Of the 1,501 cases treated at WRAMC, 47 were referred for speech-language pathology services. Forty-four of the casualties occurred during OIF and three during OEF. Two of the patients were outpatients and both were treated for voice-related disorders; one patient suffered laryngeal injuries related to a burning oil well and the other required surgery for a vocal fold polyp. The 45 hospitalized patients were 8.3% of the hospitalized casualties. The mean and median ages were 31.98 and 31 years respectively (s.d. = 10.12 years) with a range of 19 to 57 years. Three of the patients were female.
The types of injuries suffered by the casualties included blast (13), motor vehicle accident (9), gunshot wound (8), helicopter crash (3), CVA (3), chemical-burning oil well (1), GuillainBarre (1), heat stroke/seizure (1), laryngeal polyp (1), and vocal cord dysfunction (1).

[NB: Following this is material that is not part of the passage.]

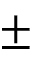<formula> <loc_0><loc_0><loc_500><loc_500>\pm</formula>

Similar to the statistics for all cases at Walter Reed, a good number of patients referred to our unit were non-battle related cases and included various disease processes and accidents. The most frequent speech-language pathology service was evaluation and treatment of swallowing difficulties (31 out of 47, or 61%). The number of patients with traumatic brain injury was 24, or 51% of the 47 casualties. Twenty-eight (60%) had some type of cognitive, language, or speech deficit that required treatment. Fourteen (30%) of the patients had a tracheotomy and of those, 10 (22%) received a speaking valve. Fourteen of the patients were also ventilator-dependent at the time of the referral. Clearly, many of these patients were referred while still in the Intensive Care Unit (ICU).
Many of these patients are still hospitalized. Of the 31 who were discharged, only one patient has been reassigned and one returned to Iraq. Twenty patients (65%) required continued treatment at other facilities including VA hospitals, other army hospitals, rehabilitation hospitals, and TBI facilities. Eight patients (26%) were discharged on convalescent leave, some of whom will receive outpatient treatment.

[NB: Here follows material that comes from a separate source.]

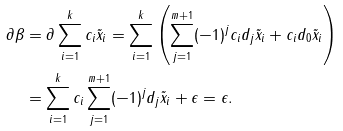<formula> <loc_0><loc_0><loc_500><loc_500>\partial \beta & = \partial \sum _ { i = 1 } ^ { k } c _ { i } \tilde { x } _ { i } = \sum _ { i = 1 } ^ { k } \left ( \sum _ { j = 1 } ^ { m + 1 } ( - 1 ) ^ { j } c _ { i } d _ { j } \tilde { x } _ { i } + c _ { i } d _ { 0 } \tilde { x } _ { i } \right ) \\ & = \sum _ { i = 1 } ^ { k } c _ { i } \sum _ { j = 1 } ^ { m + 1 } ( - 1 ) ^ { j } d _ { j } \tilde { x } _ { i } + \epsilon = \epsilon .</formula>

GWOT does not appear to be ending soon. Advances in technology and changes in the delivery of medical services have resulted in increased survival of the injured and speech-language pathology services being requested as soon as a casualty can be evacuated to a major medical center. Surprisingly, the patients from OEF and OIF were not just battle-related but included accidents, diseases, heat effects, psychological reactions, and undetermined etiologies. In this sample, 8.3% of the hospitalized inpatients were referred for speech-language pathology services. Many patients were referred while still in the ICU and were most frequently referred for diagnosis and treatment of swallowing-related disorders. In addition, patients with tracheostomies and speaking valves required our services. Traumatic brain injury and speech/language/cognitive deficits were present in over half of these cases and will require additional treatment at other facilities.
Speech-language pathology services begin in the ICU, and in the long term, our services will be required to help these men and women live, function, and communicate as civilians. As a profession, we must be prepared to treat this increasing population of men and women who have sacrificed so much in the service of our country.